Page MenuHomePhabricator

Write a client that consumes the RDF update stream from https://stream.wikimedia.org/ and update a triple store
Open, Needs TriagePublic

Description

In the wdqs code we consume the RDF update stream from kafka using the KafkaStreamConsumer class. A similar implementation should be written to work on top of HTTP EventStreams.
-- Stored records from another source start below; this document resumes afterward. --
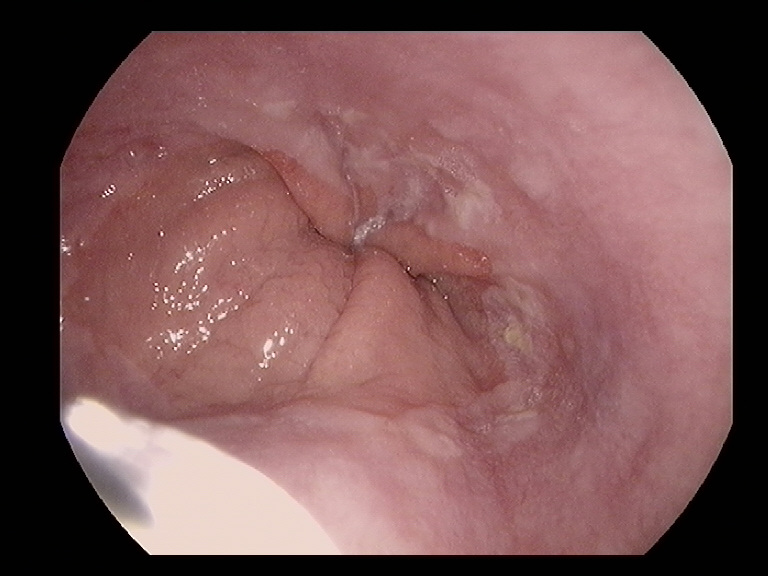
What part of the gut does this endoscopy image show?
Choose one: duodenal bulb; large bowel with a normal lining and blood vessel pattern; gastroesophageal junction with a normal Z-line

gastroesophageal junction with a normal Z-line
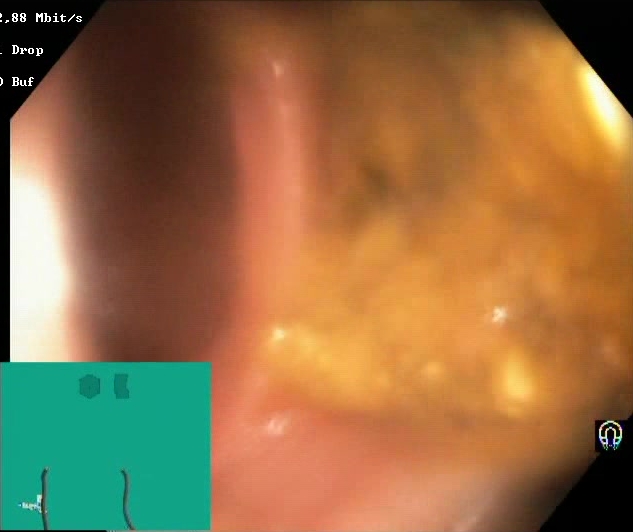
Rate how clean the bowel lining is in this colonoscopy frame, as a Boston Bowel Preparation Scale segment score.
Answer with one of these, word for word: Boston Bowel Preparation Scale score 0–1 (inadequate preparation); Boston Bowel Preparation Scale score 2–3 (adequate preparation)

Boston Bowel Preparation Scale score 0–1 (inadequate preparation)
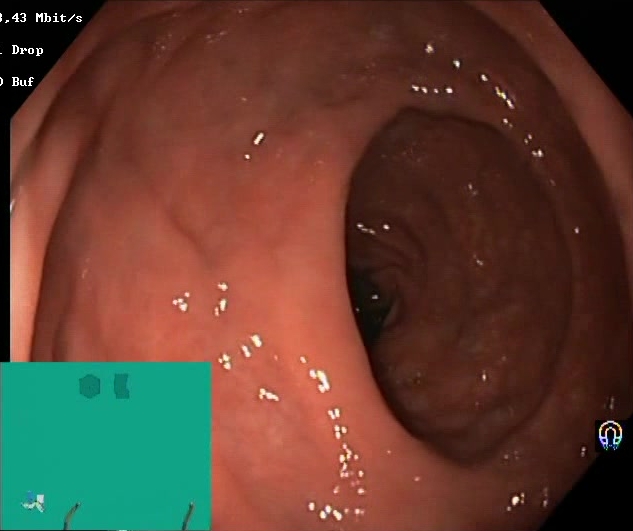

The features it must provide are:

  • implement StreamConsumer
  • offsets handling and persistance (which is provided when consuming directly from kafka)
    • it knows what to do on the first run (infer the initial offset possibly using the triple store itself scanning select (min(?date) as ?start) { wikibase:Dump schema:dateModified ?date } LIMIT 1)
    • it knows how to resume operations
  • Adapt or add a new main to run it based on a set of parameters
  • Use the same batching/compression technique (see PatchAccumulator)
  • ideally populate the same set of metrics

AC:

  • a triple compatible with SPARQL 1.1 Update operations and loaded with a munged wikidata dump can be updated outside of the WMF infrastructure using HTTP event streams.

Event Timeline

Good point. IIRC we wrap and support this API in Python.

If feasible, I'd lean towards decoupling this consumer from wikimedia-event-utilities to facilitate adoption outside of WMF.